━━━ RECORDED DATA ━━━

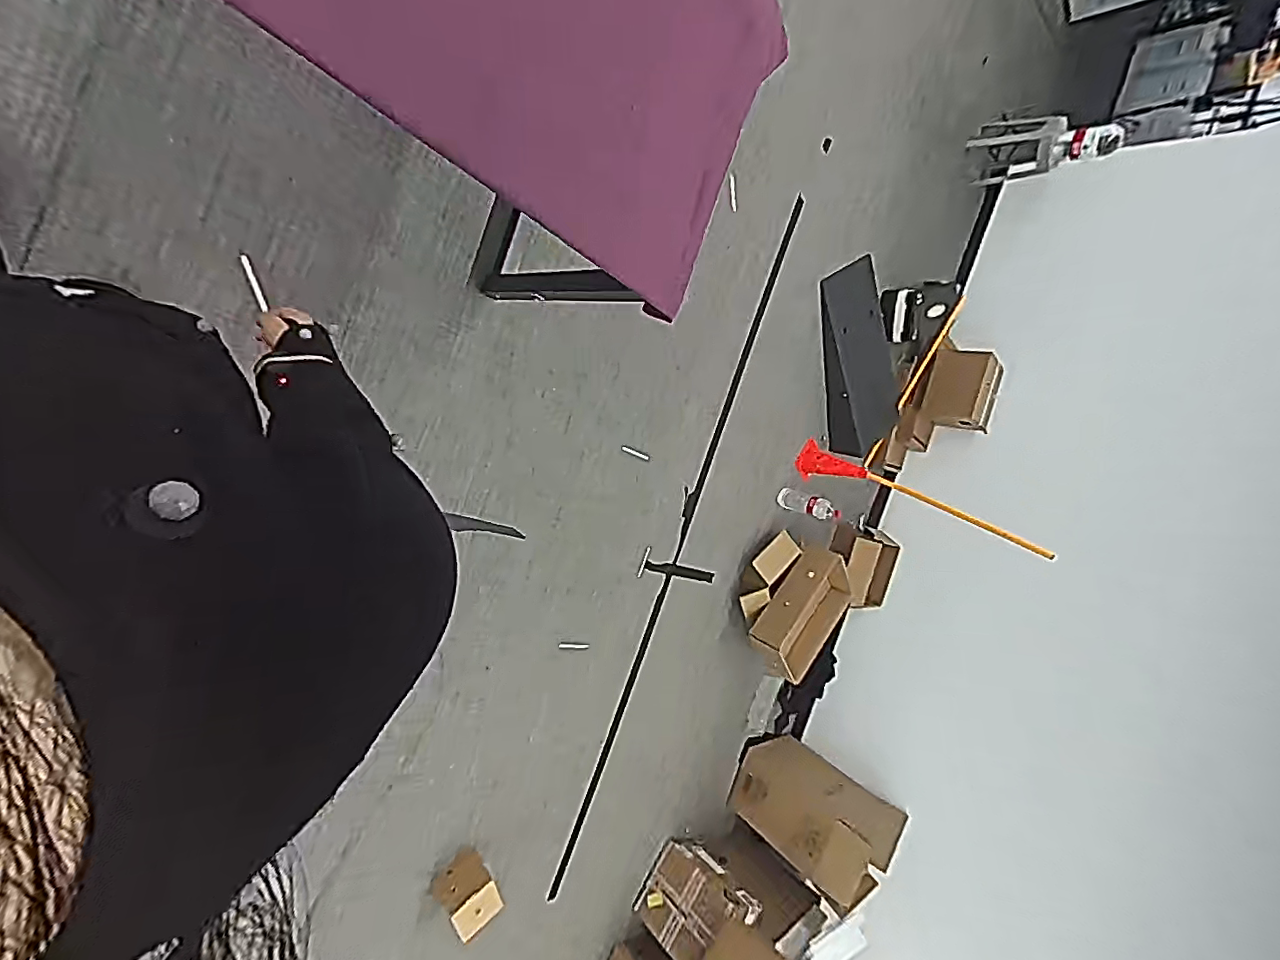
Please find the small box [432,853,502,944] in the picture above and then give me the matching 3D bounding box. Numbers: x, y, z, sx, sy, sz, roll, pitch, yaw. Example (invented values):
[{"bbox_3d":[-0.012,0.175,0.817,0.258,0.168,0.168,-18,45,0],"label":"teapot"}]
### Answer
[{"bbox_3d":[-0.632,1.509,1.964,0.168,0.176,0.179,-27,123,-34],"label":"small box"}]

━━━

• TASK DESCRIPTION
Restate the material above word for word, omitting the pictures.

• OUTPUT FOR THIS EXERCISE
Please find the small box [432,853,502,944] in the picture above and then give me the matching 3D bounding box. Numbers: x, y, z, sx, sy, sz, roll, pitch, yaw. Example (invented values):
[{"bbox_3d":[-0.012,0.175,0.817,0.258,0.168,0.168,-18,45,0],"label":"teapot"}]
### Answer
[{"bbox_3d":[-0.632,1.509,1.964,0.168,0.176,0.179,-27,123,-34],"label":"small box"}]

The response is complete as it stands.